For the NHS, the chancellor’s announcement is a missed opportunity to provide the investment needed to realise the ambitions of the NHS long-term plan. It doesn’t provide the scale of funding needed for the workforce, public health and capital; all of which were excluded from last summer’s long-term plan funding commitment.
The government has clearly taken the view that the long-term plan meant “job done” on the NHS. NHS England’s budget is increasing by an annual average of 3.4 per cent up to 2023-24 but next year the wider health budget is broadly flat in real terms, increasing from £8.6bn to £8.8bn in 2019-20 prices.
Healthcare funding has grown by an average of 2 per cent a year since 2010, against the backdrop of cuts to wider spending.

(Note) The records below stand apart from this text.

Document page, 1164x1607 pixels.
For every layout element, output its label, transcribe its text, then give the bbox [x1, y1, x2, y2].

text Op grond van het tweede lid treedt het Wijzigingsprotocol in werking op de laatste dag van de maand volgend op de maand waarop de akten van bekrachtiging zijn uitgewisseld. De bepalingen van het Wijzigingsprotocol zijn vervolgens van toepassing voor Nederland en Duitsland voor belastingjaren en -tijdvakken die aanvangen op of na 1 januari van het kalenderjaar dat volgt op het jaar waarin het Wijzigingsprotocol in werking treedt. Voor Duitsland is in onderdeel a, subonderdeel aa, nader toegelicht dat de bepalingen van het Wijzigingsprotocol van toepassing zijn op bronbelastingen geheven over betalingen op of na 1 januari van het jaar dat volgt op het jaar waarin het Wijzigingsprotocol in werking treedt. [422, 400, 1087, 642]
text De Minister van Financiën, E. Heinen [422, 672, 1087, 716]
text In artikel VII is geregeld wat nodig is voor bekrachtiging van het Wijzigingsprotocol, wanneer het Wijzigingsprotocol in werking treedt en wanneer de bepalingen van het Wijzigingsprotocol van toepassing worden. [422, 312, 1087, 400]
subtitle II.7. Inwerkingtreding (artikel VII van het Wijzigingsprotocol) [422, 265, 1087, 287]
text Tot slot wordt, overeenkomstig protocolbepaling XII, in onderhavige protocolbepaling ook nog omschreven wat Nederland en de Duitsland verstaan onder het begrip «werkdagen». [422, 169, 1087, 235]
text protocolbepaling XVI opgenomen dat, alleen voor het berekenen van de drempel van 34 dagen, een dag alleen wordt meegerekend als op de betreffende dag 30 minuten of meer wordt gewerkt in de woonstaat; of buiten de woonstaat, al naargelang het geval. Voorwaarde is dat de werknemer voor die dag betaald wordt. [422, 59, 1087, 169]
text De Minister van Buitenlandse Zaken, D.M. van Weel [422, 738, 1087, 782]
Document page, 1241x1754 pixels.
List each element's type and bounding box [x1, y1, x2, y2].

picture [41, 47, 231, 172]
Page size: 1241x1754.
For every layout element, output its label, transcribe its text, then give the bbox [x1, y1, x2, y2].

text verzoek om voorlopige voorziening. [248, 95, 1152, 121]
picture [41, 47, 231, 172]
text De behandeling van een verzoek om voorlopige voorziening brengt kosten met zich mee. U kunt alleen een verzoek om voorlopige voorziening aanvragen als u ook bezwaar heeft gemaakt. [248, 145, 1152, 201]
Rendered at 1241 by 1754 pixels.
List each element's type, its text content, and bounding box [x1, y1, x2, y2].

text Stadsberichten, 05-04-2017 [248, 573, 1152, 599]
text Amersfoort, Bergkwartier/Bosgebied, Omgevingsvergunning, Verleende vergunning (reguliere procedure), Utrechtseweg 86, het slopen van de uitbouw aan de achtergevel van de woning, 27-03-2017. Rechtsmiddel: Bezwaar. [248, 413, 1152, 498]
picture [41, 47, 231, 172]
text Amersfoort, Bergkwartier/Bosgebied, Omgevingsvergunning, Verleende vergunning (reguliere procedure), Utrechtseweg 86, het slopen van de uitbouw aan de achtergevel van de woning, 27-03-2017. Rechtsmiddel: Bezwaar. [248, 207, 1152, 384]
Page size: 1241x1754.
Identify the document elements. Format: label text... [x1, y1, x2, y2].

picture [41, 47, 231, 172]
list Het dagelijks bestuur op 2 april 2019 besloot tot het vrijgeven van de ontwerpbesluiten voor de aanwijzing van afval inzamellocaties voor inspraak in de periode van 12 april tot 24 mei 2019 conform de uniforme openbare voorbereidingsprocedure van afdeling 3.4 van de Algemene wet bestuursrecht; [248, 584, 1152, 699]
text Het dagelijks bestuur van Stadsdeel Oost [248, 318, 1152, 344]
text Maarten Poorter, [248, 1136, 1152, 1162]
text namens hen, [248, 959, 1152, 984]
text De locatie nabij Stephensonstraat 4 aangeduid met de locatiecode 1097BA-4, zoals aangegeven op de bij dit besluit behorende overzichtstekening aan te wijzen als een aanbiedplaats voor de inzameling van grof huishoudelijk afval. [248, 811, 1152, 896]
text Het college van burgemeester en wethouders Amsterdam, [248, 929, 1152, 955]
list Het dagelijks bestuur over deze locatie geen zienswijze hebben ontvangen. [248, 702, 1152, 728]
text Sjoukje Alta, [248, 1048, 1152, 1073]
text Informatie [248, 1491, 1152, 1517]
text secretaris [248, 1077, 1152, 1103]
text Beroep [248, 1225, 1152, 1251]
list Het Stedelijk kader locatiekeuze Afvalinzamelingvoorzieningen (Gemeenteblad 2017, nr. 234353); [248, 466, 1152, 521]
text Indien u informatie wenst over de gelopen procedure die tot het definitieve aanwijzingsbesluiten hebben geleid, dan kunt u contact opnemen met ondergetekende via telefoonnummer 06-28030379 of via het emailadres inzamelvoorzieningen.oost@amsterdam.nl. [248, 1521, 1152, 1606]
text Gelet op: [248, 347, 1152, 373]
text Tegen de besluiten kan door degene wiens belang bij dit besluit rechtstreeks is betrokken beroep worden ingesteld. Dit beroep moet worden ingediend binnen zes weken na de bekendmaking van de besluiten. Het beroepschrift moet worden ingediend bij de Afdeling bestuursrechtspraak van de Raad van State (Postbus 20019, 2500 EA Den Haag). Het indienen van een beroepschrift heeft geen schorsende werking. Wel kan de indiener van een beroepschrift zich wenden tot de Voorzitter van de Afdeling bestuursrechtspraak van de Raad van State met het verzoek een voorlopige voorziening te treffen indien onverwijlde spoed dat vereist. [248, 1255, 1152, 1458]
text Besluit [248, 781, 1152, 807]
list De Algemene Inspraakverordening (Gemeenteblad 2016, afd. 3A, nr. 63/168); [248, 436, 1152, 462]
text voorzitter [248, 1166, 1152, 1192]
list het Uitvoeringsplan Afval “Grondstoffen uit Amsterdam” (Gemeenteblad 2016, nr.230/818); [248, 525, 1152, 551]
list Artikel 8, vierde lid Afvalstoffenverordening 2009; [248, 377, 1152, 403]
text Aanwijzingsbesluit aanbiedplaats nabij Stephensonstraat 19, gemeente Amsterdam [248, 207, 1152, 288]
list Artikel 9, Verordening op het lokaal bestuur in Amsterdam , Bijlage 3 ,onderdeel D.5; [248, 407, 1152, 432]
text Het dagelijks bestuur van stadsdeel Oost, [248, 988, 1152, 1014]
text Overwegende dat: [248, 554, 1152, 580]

Next year, the overall health budget (capital and day to day spending) is increasing by 2.9 per cent in real terms; less than the overall rise in public spending and below the estimated increases needed to address the lack of investment in staff and public health over recent years.
The workforce budget is set to grow by £210m in 2020-21, with a welcome proposal to increase investment in CPD for nurses, midwives and allied health professions. But this is well below the £620m the Health Foundation, the King’s Fund and the Nuffield Trust calculated would be needed to make real inroads into the nursing shortages.
For the public health grant, the Treasury has said that there will be a real terms increase but this can only happen if the Department of Health and Social Care can offset this through cuts to other central budgets. That is likely to mean a very modest rise in the public health grant, falling well short of the £1bn required to restore the last five years of cuts.
As a consequence, public health spending will continue to fall as a share of overall health spending. This defies economic logic, with new research from the University of York showing that spending on public health is three times more productive than spending on healthcare services.
On healthcare capital, the chancellor has confirmed a spending envelope of £7bn this year and no real terms increase for next year, but a review of longer-term funding requirements to tackle the backlog of safety-critical maintenance and provide equipment upgrades and new hospitals. This further delays essential investment.
Overall the chancellor’s announcement signalled that the worse of austerity may be over. But that doesn’t mean that we now have a clear programme for future public spending and reform. There are big unresolved questions about the future of health and social care and the wider public services and social security system which underpin good health.